Raw data:
[Start of section]

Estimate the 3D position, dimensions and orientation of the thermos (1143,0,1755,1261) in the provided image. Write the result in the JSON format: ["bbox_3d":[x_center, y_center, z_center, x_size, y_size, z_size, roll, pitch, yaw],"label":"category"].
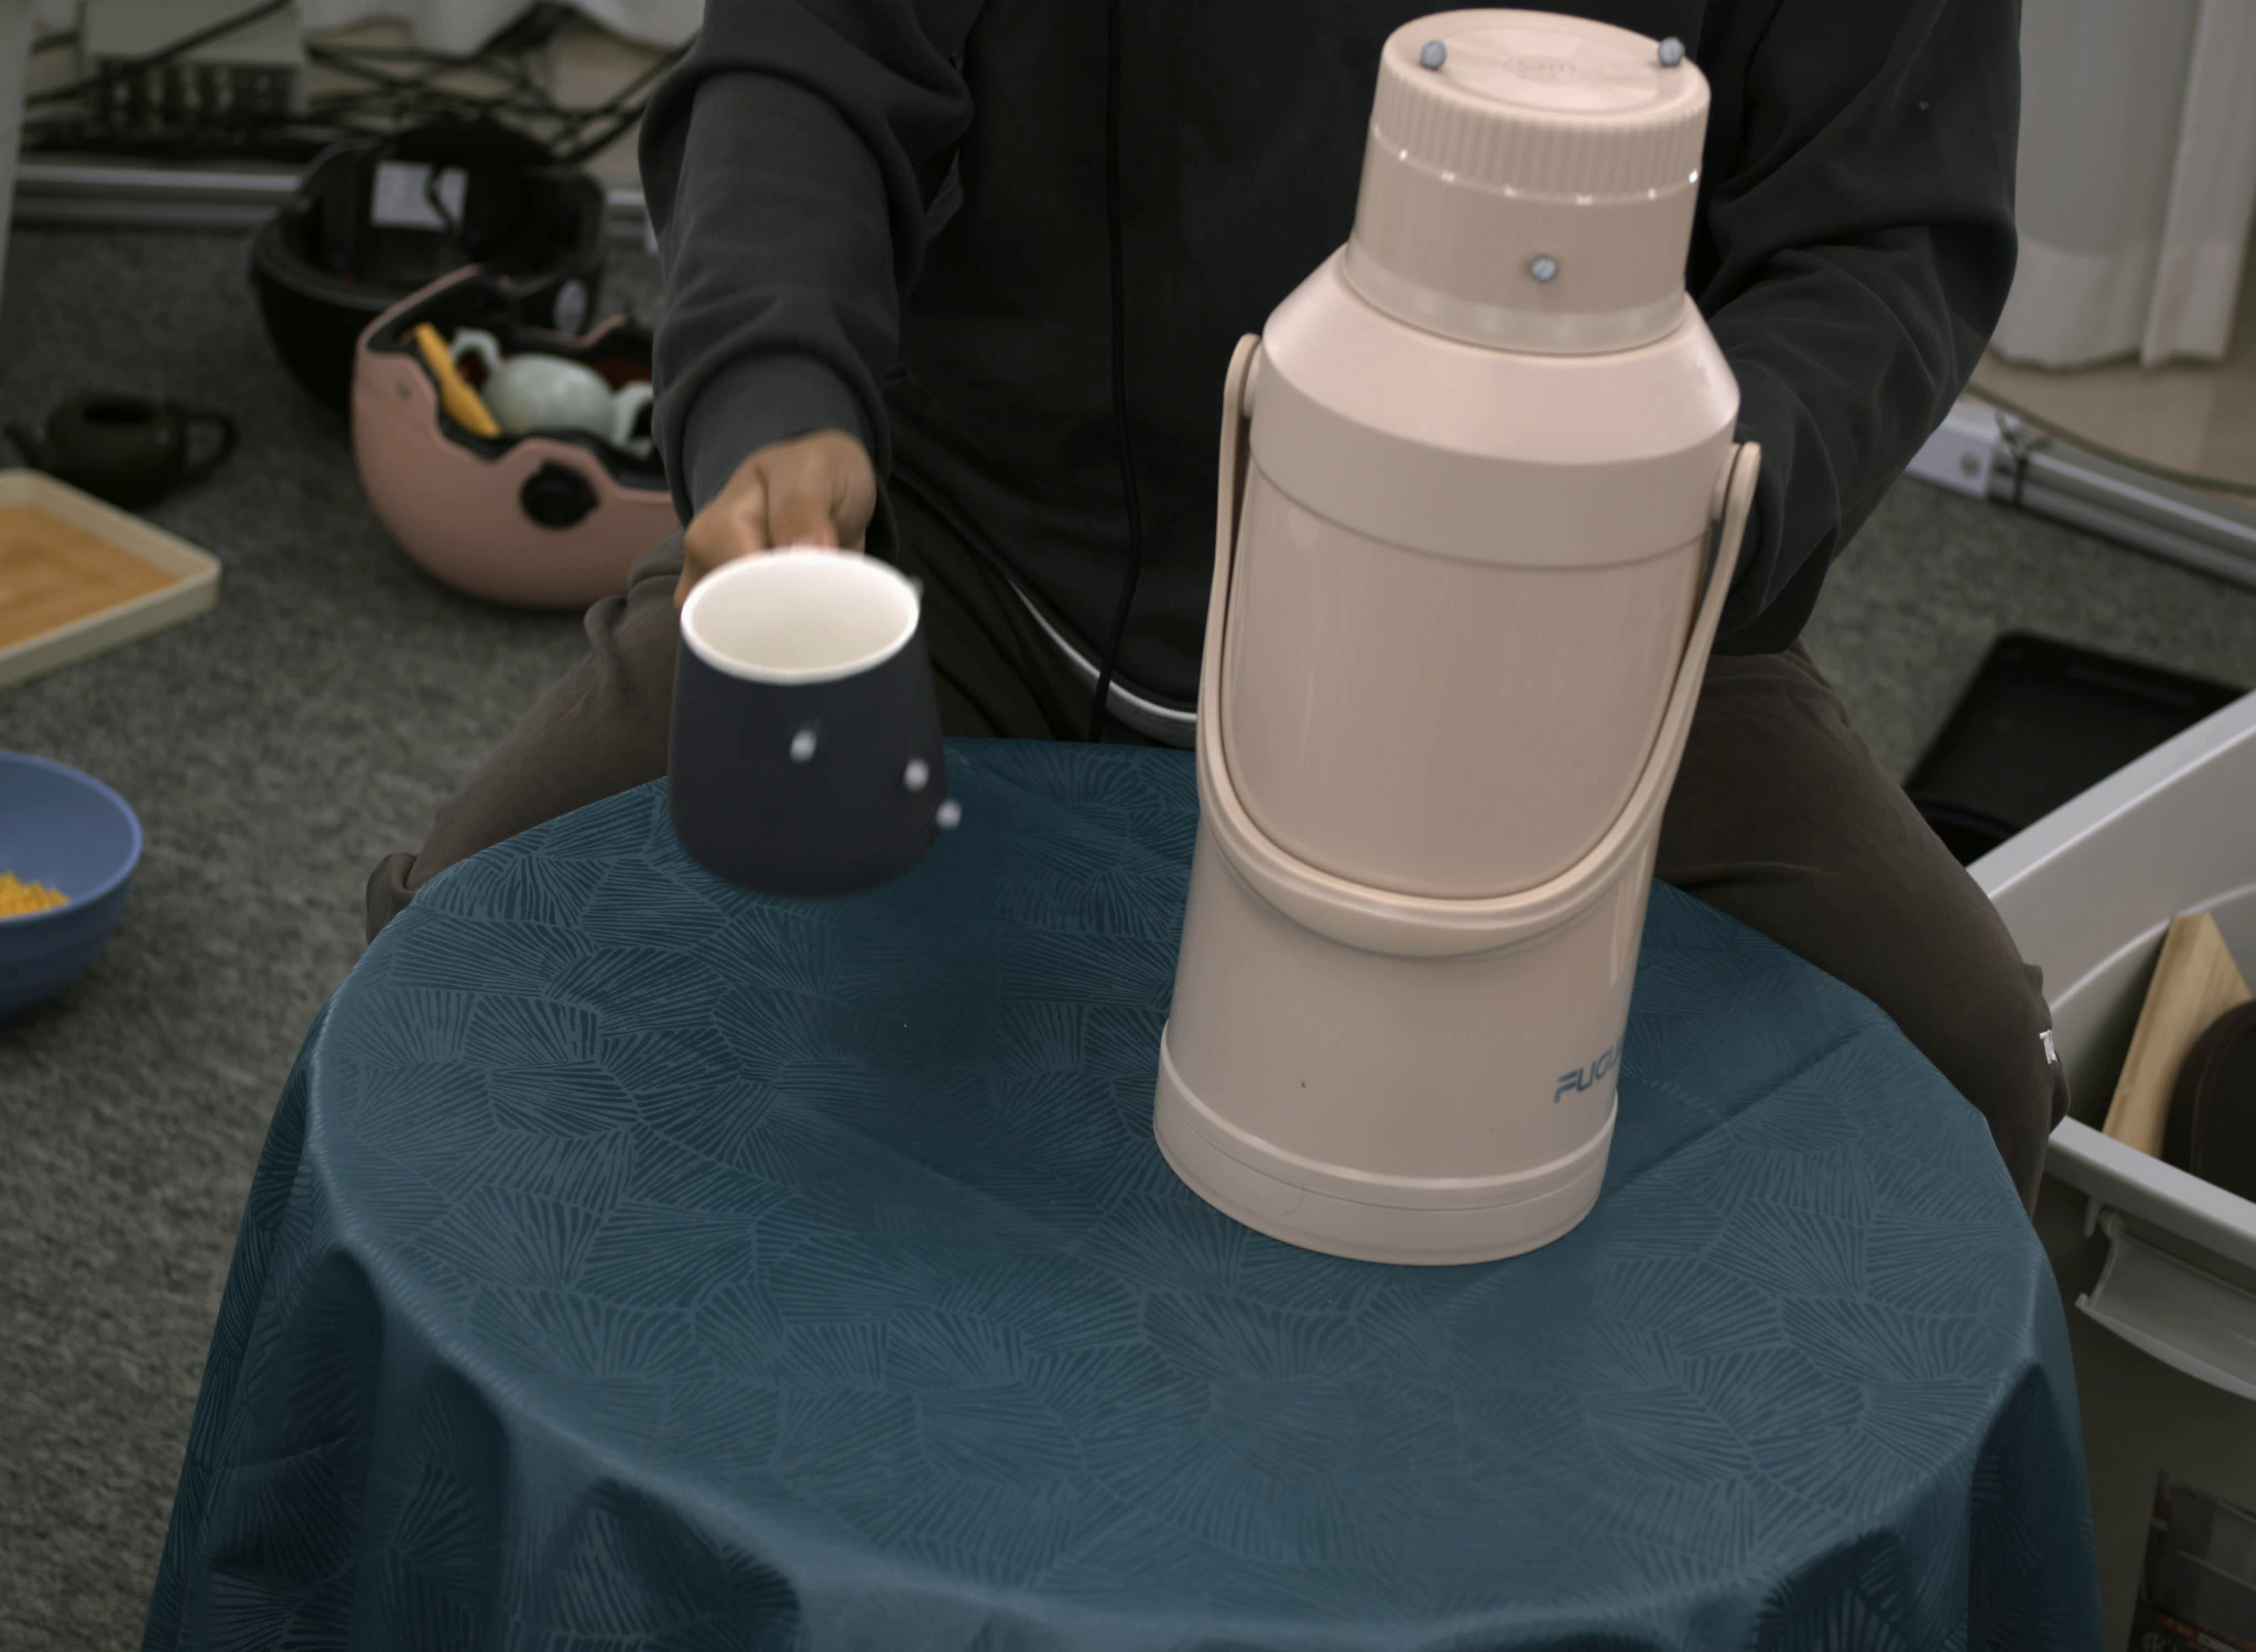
[{"bbox_3d":[0.112,-0.070,1.778,0.175,0.405,0.207,13,27,12],"label":"thermos"}]

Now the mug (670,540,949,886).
[{"bbox_3d":[-0.107,-0.045,1.775,0.093,0.089,0.124,-2,33,-2],"label":"mug"}]
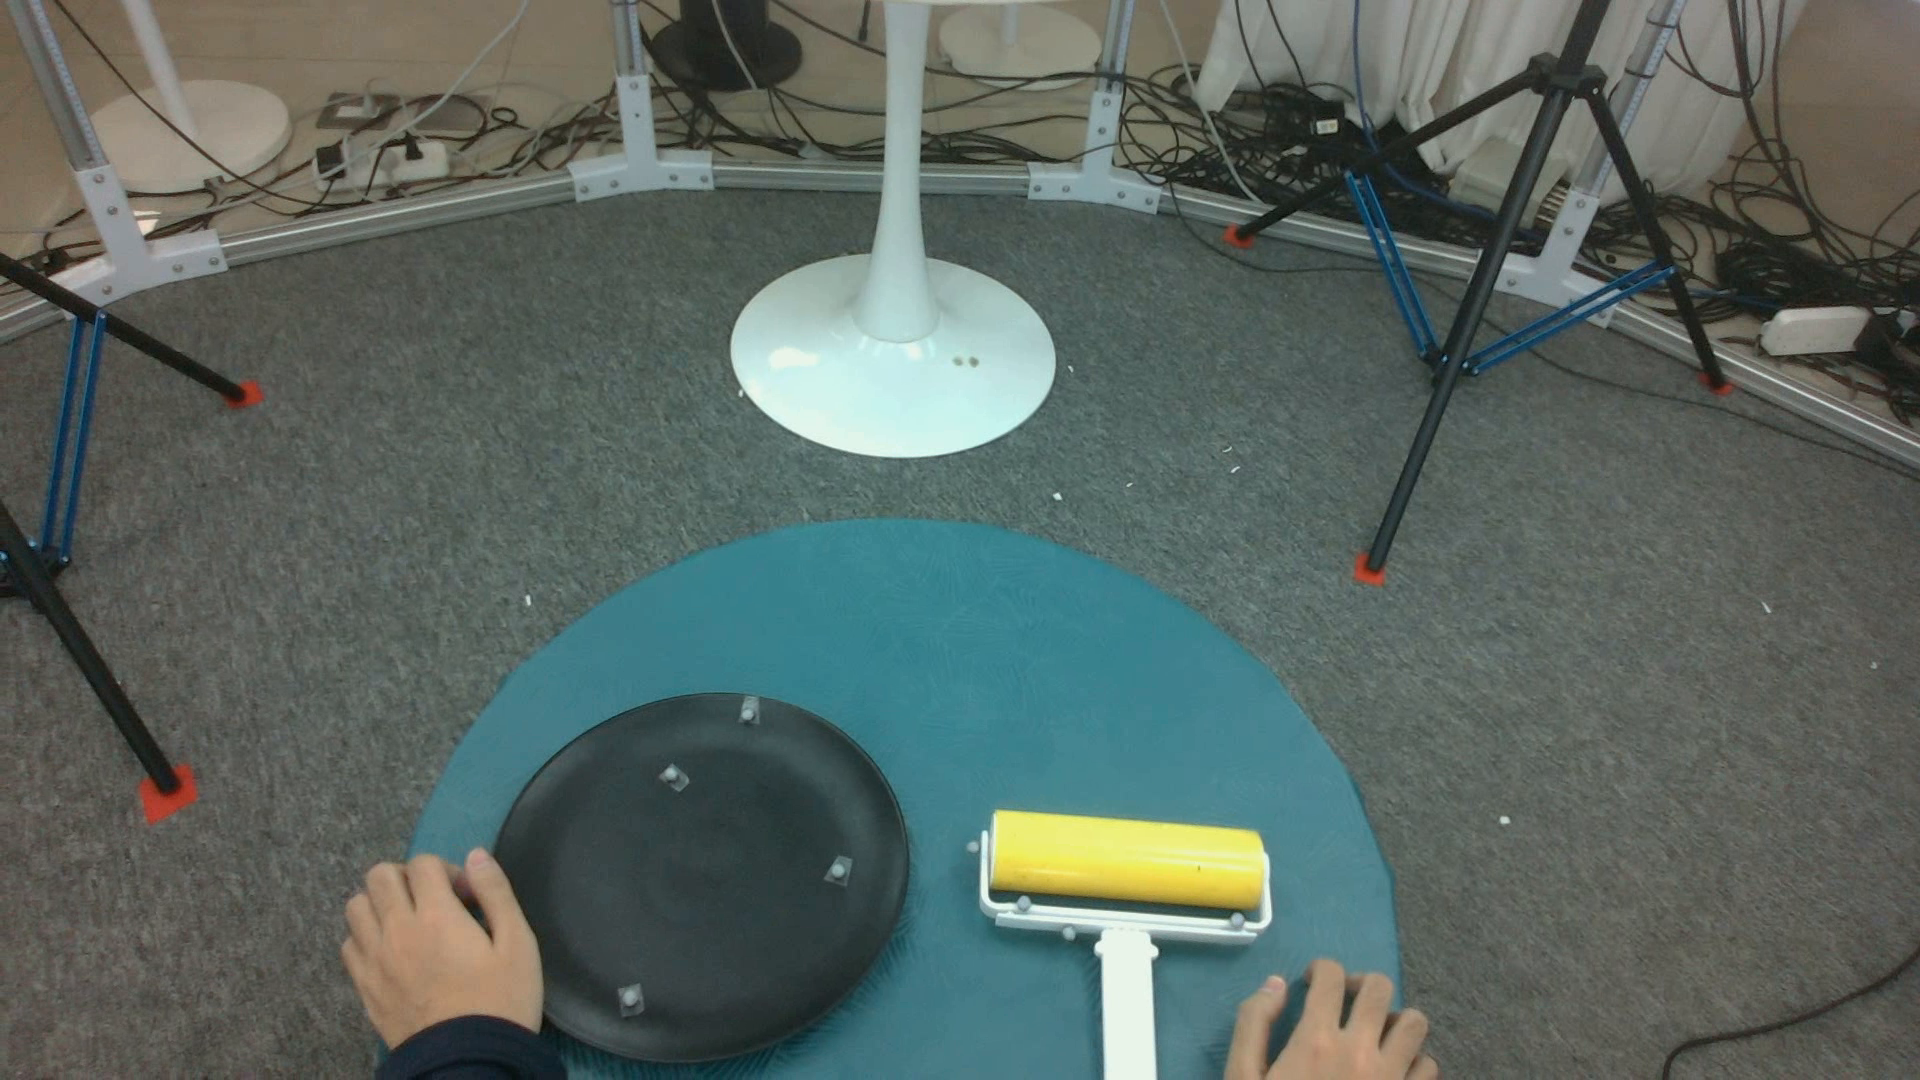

[End of section]

What the exercise asks:
The lines above must be transcribed exactly, with every picture left out.

Response area:
Estimate the 3D position, dimensions and orientation of the thermos (1143,0,1755,1261) in the provided image. Write the result in the JSON format: ["bbox_3d":[x_center, y_center, z_center, x_size, y_size, z_size, roll, pitch, yaw],"label":"category"].
[{"bbox_3d":[0.112,-0.070,1.778,0.175,0.405,0.207,13,27,12],"label":"thermos"}]

Now the mug (670,540,949,886).
[{"bbox_3d":[-0.107,-0.045,1.775,0.093,0.089,0.124,-2,33,-2],"label":"mug"}]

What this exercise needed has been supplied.